## [EXERCISE OBJECTIVE]
Without the images, reproduce every entry exactly.
◇ ◇ ◇ ◇ ◇ ◇ ◇
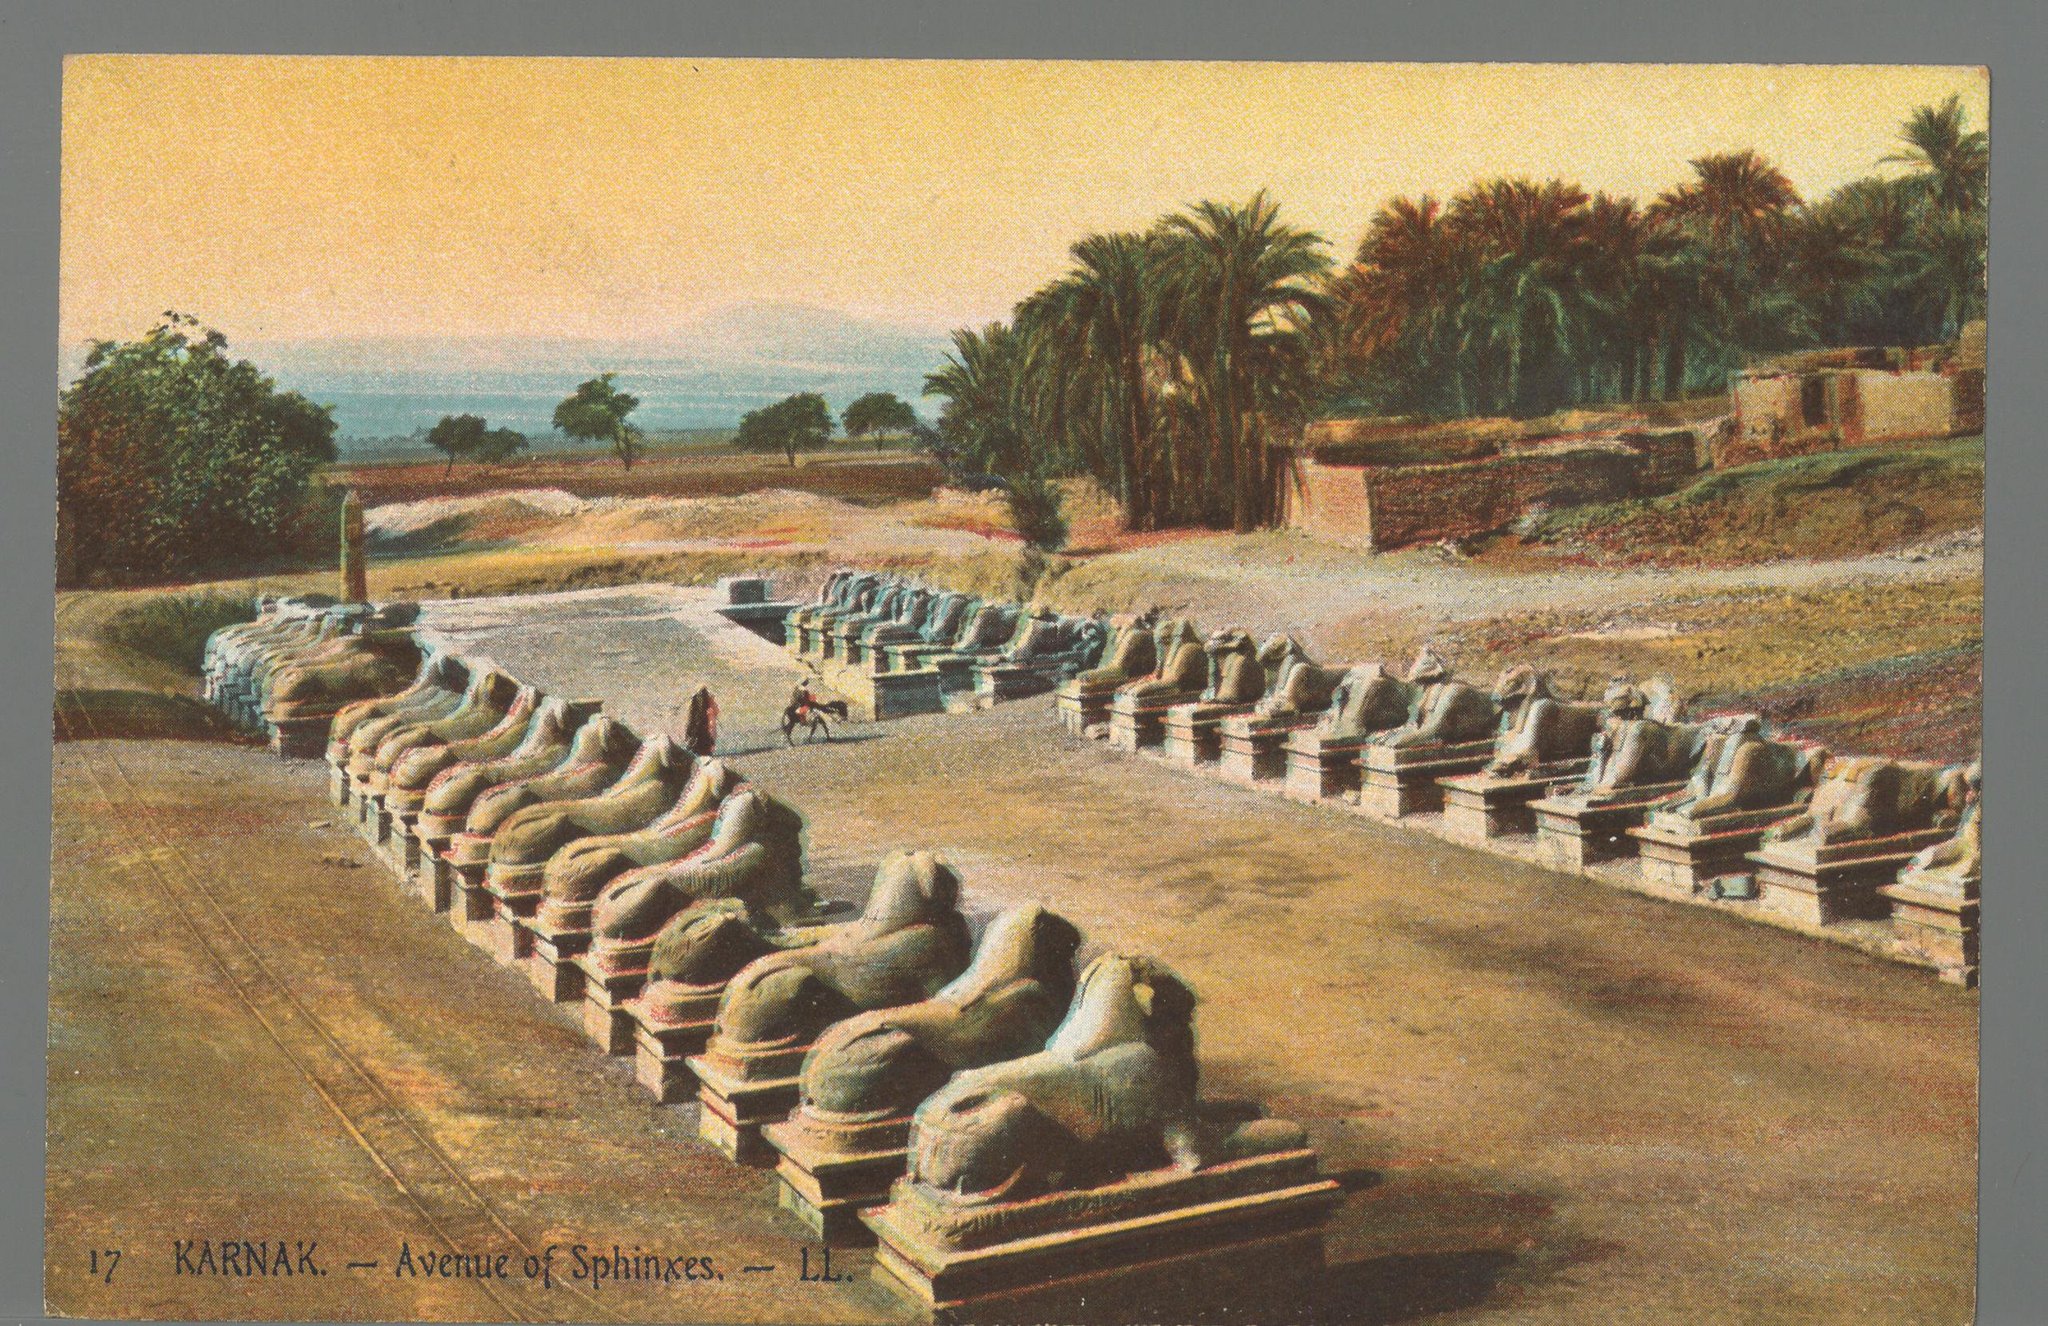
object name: photomechanical print
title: Karnak - Avenue of Sphinxes
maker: Anonymous
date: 1907-1930
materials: cardboard
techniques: lithograph
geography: karnak
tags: sphinx (lion/woman); 'sfinge' (ripa), statues, paintings, etc. ~ objects of worship (egyptian religion), avenue, boulevard, promenade, esplanade
◇ ◇ ◇ ◇ ◇ ◇ ◇
## [SOLUTION FOR THIS PROBLEM]
object name: photomechanical print
title: Karnak - Avenue of Sphinxes
maker: Anonymous
date: 1907-1930
materials: cardboard
techniques: lithograph
geography: karnak
tags: sphinx (lion/woman); 'sfinge' (ripa), statues, paintings, etc. ~ objects of worship (egyptian religion), avenue, boulevard, promenade, esplanade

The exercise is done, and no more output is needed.